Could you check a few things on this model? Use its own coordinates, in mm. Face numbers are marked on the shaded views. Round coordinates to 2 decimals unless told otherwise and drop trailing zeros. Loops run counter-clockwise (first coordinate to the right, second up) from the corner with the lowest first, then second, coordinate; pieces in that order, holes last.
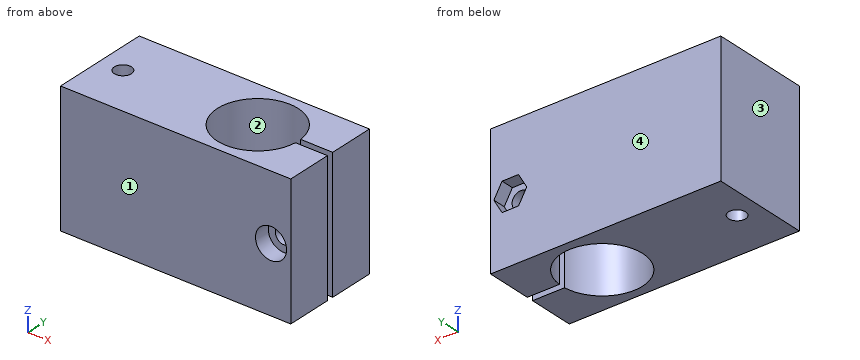
from build123d import *

# Parameters (mm, degrees)
F0_R     = 1.65
F1_DEPTH = 12.7
F2_R     = 1.65
F3_DEPTH = 25.4
F4_R     = 3
F4_R_2   = 1.65
F5_DEPTH = 3.1
F6_R     = 1.65
F7_DEPTH = 2.5


with BuildPart() as f1:
    # F0 (on Top) → F1 (new body, symmetric)
    with BuildSketch(Plane.XY):
        with BuildLine():
            Line((22.225, 9.525), (-22.225, 9.525))
            Line((-22.225, 9.525), (-22.225, -9.525))
            Line((-22.225, -9.525), (22.225, -9.525))
            Line((22.225, -9.525), (22.225, -0.635))
            Line((22.225, -0.635), (16.039644, -0.635))
            ThreePointArc((16.039644, -0.635), (0.4445, 0), (16.039644, 0.635))
            Line((16.039644, 0.635), (22.225, 0.635))
            Line((22.225, 0.635), (22.225, 9.525))
        make_face()
        with Locations((-17.78, 0)):
            Circle(F0_R, mode=Mode.SUBTRACT)
    extrude(amount=F1_DEPTH, both=True)

    # F2 (on Front) → F3 (cut, symmetric)
    with BuildSketch(Plane.XZ):
        with Locations((18.415, 0)):
            Circle(F2_R)
    extrude(amount=F3_DEPTH, both=True, mode=Mode.SUBTRACT)

    # F4 (on face) → F5 (cut)
    with BuildSketch(Plane.XZ.offset(9.525)):
        with Locations((18.415, 0)):
            Circle(F4_R)
        with Locations((18.415, 0)):
            Circle(F4_R_2, mode=Mode.SUBTRACT)
    extrude(amount=-F5_DEPTH, mode=Mode.SUBTRACT)

    # F6 (on face) → F7 (cut)
    with BuildSketch(Plane(origin=(0, 9.525, 0), x_dir=(-1, 0, 0), z_dir=(0, 1, 0))):
        Polygon((-16.827287, 2.75), (-20.002713, 2.75), (-21.590426, 0), (-20.002713, -2.75), (-16.827287, -2.75), (-15.239574, 0), align=None)
        with Locations((-18.415, 0)):
            Circle(F6_R, mode=Mode.SUBTRACT)
    extrude(amount=-F7_DEPTH, mode=Mode.SUBTRACT)


solid = f1.part
Item 1: If we section it at A-A, the plane x = -17.78: Please give me the cut outline in (y, z) (3 decimals).
Results list:
outline: (-9.525, -12.7) - (-1.65, -12.7) - (-1.65, 12.7) - (-9.525, 12.7) - close; (1.65, -12.7) - (9.525, -12.7) - (9.525, 12.7) - (1.65, 12.7) - close
Item 2: Will these pins go through, and if not, where does the flat tip stop? pin 1 (3.5 mm diameter, centred on x = 18.415, z = 0, fed in from -Y) (3 decimals); pin 2 (2.5 mm diameter, centred on x = 18.415, z = 0, fed in from +Y).
Results list:
pin 1: stops at y = -6.425
pin 2: passes through
Item 3: If we section it at C-C, the plane y = -2.25: Please give me the cut outline in (x, z) (3 decimals), then the cut area to 3 significant figures.
Results list:
outline: (-22.225, -12.7) - (0.776, -12.7) - (0.776, 12.7) - (-22.225, 12.7) - close; (15.734, -12.7) - (22.225, -12.7) - (22.225, 12.7) - (15.734, 12.7) - close; hole circle Ø3.3 at (18.415, 0)
area: 741 mm2
Item 4: If we section it at D-D, the plane y = 0: Please give me the cut outline in (x, z) (1 decimal), then the cut area to 3 significant figures.
Results list:
outline: (-22.2, -12.7) - (-19.4, -12.7) - (-19.4, 12.7) - (-22.2, 12.7) - close; (-16.1, -12.7) - (0.4, -12.7) - (0.4, 12.7) - (-16.1, 12.7) - close
area: 492 mm2
Item 5: If I drill on line 1 along Y through (x, z) = (-17.78, -5.25) (3 decimals); line 2 along Z through (x, y) = (18.5, -4.25); line 3 along Y through (x, z) = (17.5, -5) (3 decimals), over which ranges is the centre line in solid material (lowest first)?
Results list:
line 1: y = -9.525 to -1.65, 1.65 to 9.525
line 2: z = -12.7 to -1.65, 1.65 to 12.7
line 3: y = -9.525 to -0.635, 0.635 to 9.525
Item 6: We'd pull the mould along Y, two halves only. Please class the marked faces 1, 2, 3 and 4: released by +Y, released by -Y, zero draft, split by the parting line, or undercut.
Results list:
face 1: released by -Y
face 2: undercut
face 3: zero draft
face 4: released by +Y
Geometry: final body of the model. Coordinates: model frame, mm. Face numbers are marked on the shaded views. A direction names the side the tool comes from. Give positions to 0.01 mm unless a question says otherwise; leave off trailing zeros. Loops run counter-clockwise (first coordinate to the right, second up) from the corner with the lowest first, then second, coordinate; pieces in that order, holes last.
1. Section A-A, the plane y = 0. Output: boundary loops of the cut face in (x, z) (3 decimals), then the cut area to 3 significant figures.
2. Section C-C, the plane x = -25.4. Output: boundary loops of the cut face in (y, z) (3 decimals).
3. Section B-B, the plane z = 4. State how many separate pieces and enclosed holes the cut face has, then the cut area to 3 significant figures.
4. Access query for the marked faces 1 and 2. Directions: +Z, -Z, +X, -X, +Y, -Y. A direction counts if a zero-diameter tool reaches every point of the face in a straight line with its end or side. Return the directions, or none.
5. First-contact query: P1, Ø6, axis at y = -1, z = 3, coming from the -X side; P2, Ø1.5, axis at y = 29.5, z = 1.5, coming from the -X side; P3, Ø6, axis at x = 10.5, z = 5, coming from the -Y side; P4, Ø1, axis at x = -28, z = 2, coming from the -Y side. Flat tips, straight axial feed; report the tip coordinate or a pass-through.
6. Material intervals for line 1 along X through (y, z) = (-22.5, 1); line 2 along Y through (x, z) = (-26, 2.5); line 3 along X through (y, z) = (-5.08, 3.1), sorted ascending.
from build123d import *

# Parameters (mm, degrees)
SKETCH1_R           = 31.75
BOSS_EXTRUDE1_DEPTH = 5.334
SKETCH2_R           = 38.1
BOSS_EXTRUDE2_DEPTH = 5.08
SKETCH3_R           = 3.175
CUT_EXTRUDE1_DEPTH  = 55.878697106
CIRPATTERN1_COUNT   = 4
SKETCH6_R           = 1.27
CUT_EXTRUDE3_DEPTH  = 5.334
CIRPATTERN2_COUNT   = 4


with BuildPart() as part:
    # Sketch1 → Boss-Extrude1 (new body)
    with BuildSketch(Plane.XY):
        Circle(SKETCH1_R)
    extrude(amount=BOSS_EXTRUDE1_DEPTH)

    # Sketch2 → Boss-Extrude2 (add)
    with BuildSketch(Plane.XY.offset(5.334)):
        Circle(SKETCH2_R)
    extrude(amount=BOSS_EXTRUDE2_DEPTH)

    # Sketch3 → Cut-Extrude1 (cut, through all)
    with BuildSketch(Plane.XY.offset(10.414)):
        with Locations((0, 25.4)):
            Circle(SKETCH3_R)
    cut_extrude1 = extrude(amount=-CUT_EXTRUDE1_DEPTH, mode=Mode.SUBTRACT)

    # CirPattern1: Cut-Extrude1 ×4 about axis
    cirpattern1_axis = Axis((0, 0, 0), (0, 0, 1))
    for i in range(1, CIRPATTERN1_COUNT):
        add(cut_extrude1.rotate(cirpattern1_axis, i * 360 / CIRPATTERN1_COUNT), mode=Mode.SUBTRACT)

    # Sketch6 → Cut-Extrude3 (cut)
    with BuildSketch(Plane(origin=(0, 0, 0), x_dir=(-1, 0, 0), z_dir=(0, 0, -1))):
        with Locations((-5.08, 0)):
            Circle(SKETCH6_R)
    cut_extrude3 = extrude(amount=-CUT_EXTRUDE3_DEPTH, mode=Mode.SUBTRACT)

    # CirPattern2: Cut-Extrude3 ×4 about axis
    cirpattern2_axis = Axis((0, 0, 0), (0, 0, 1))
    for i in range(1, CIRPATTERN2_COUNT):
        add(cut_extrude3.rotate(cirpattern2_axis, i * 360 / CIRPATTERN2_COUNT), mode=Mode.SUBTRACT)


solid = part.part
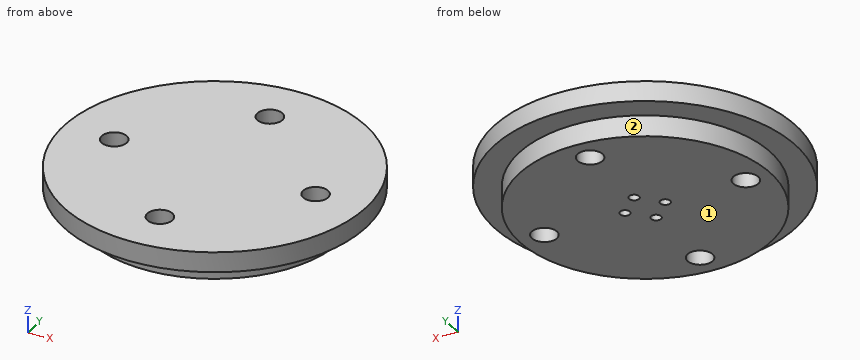
Answers below:
1. outline: (-38.1, 5.334) - (-31.75, 5.334) - (-31.75, 0) - (-28.575, 0) - (-28.575, 10.414) - (-38.1, 10.414) - close; (-22.225, 0) - (-6.35, 0) - (-6.35, 5.334) - (-3.81, 5.334) - (-3.81, 0) - (3.81, 0) - (3.81, 5.334) - (6.35, 5.334) - (6.35, 0) - (22.225, 0) - (22.225, 10.414) - (-22.225, 10.414) - close; (28.575, 0) - (31.75, 0) - (31.75, 5.334) - (38.1, 5.334) - (38.1, 10.414) - (28.575, 10.414) - close
1. area: 566 mm2
2. outline: (-28.398, 5.334) - (-19.05, 5.334) - (-19.05, 0) - (-3.175, 0) - (-3.175, 10.414) - (-28.398, 10.414) - close; (3.175, 0) - (19.05, 0) - (19.05, 5.334) - (28.398, 5.334) - (28.398, 10.414) - (3.175, 10.414) - close
3. separate pieces: 1
3. enclosed holes: 8
3. area: 3,020 mm2
4. face 1: -Z, +X, -X, +Y, -Y
4. face 2: -Z
5. P1: stops at x = -38.1
5. P2: stops at x = -13.47
5. P3: stops at y = -37.35
5. P4: stops at y = -15.87
6. line 1: x = -22.4 to -1.29, 1.29 to 22.4
6. line 2: y = -18.22 to -3.12, 3.12 to 18.22
6. line 3: x = -31.34 to -1.27, 1.27 to 31.34

_____

**Task brief**
Copy out, in full, each line above that has the word "about" in it.

**Exercise response**
    # CirPattern1: Cut-Extrude1 ×4 about axis
    # CirPattern2: Cut-Extrude3 ×4 about axis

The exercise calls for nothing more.